DCUNG: What first got you interested in comics (as a hobby and as a career)?

MW: I was a fan reader (as were we all) and did fanzines, amateur magazines printed on a ditto press (before xerox). I sent the fanzines to DC and Marvel and they liked my writing and asked me to submit stories. This was back when there weren't any new writers entering the field.

DCUNG: What was your first professional work in comics?

MW: I co-wrote and drew (along with Len Wein) a story for Castle of Frankenstein. After that I sold an issue of Blackhawk to DC.

DCUNG: How did you come to work on the Titans?

MW: I co-wrote a few Titans stories back in the original run with Len Wein. When I returned to DC after a decade at Marvel in 1980 I asked about reviving Titans. They weren't interested but I told them what I wanted to do and they okayed it.

DCUNG: Thinking back on all the Titans storylines you wrote, which one single storyline do you remember most fondly? Why?

MW: Several stories, actually. In no order, the Judas Contract, Who Is Donna Troy, and a story called "Shades of Gray." Judas Contract because we had set up this long-range story that truly surprised people (the supposed hero being revealed to actually be a villain--where have we seen this recently?) and the story worked as both a character and action story. I thought it was very strong. The Donna Troy story was highly emotional, and Shades Of Gray because it broke the mode of heroes and villains having to fight to work their problems out. Changeling and Terminator sat down and talked about things, about life, about love, etc. I thought it worked wonderfully.

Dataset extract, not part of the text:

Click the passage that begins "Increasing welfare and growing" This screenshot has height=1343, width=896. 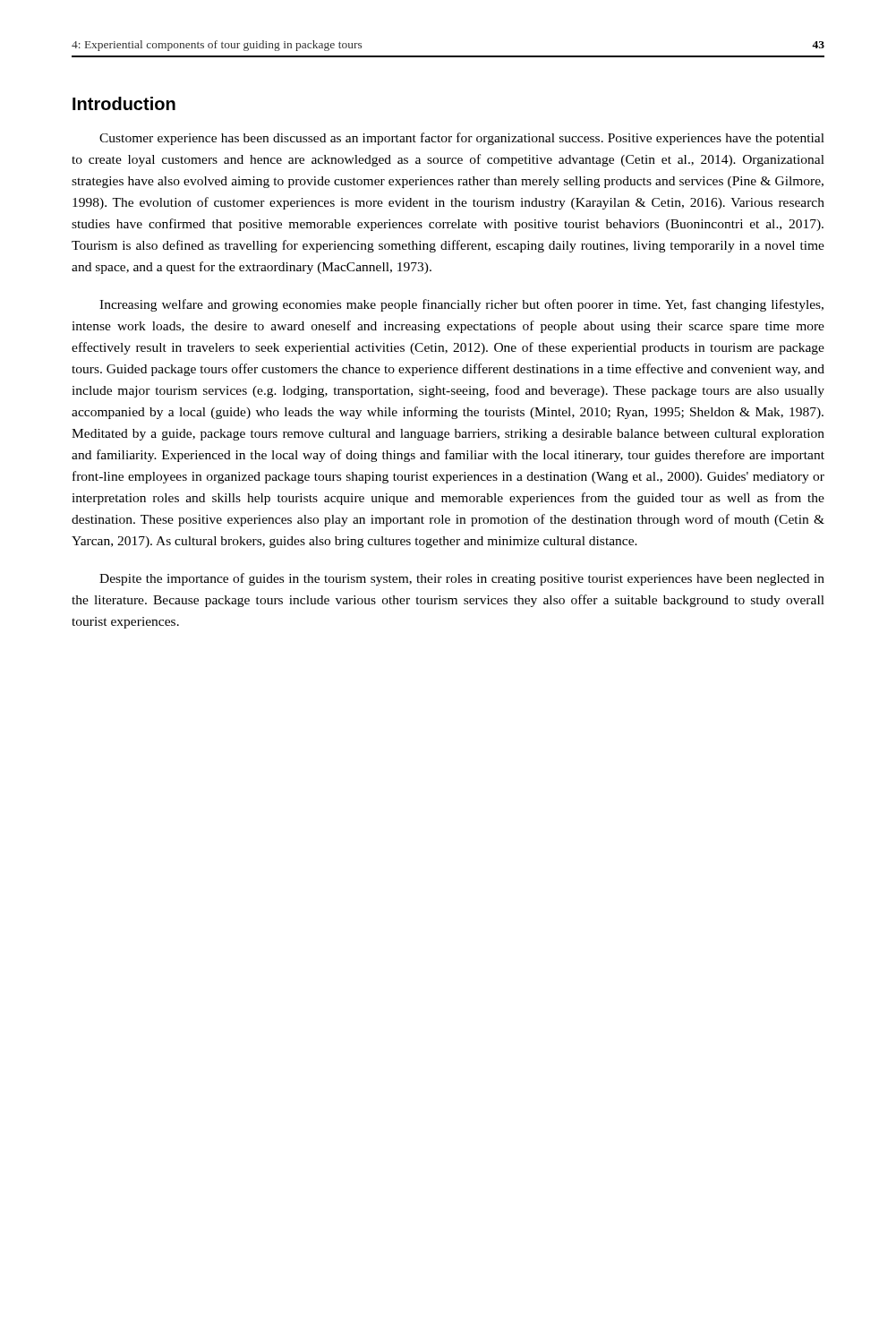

DCUNG: Who was the easiest Titan to write? The most difficult?

MW: The easiest was Gar Logan. I love writing snappy patter. The most difficult was Jericho. George created his silent manner and once he left I no longer had an artist who could do body language to describe his emotions. Without that and without dialogue (or thought balloons) he was impossible to do.

DCUNG: I enjoyed the last arc of the New Titans (even though it was cancelled) and thought the team had potential. What were your feelings on the final lineup of the Titans?

MW: I hated them. They were not my idea and those characters weren't designed to work together. Individually they may have been fine, but not as a group. To me, the New Titans were Robin, Kid Flash, Wonder Girl, Starfire, Raven, Cyborg and Changeling.

DCUNG: What do you think about the newest lineup of Titans? What about the upcoming Young Justice (or JLA Jr., whatever it ís going to be called)?

MW: I don't know anything about them. Sorry.

DCUNG: Why do you think teen heroes (and especially sidekicks) are making a comeback?

MW: They never went away. I think teen readers enjoy reading about teen heroes who aren't played like stupid kids. I never liked the idea of a Junior Justice League because that meant they were, by concept, inferior to the adults. I always believed teen heroes were heroes first and teens second and that they didn't need adult supervision or approval. They could operate on their own.

DCUNG: Which comics or characters would you most want to have a chance to write? Why?

MW: I still prefer Superman. I've always felt he was the one hero who truly represented the heroic ideal.

DCUNG: Any future plans we should be looking out for?

MW: Hannibal King for Marvel, Dracula for Dark Horse, and looking for work.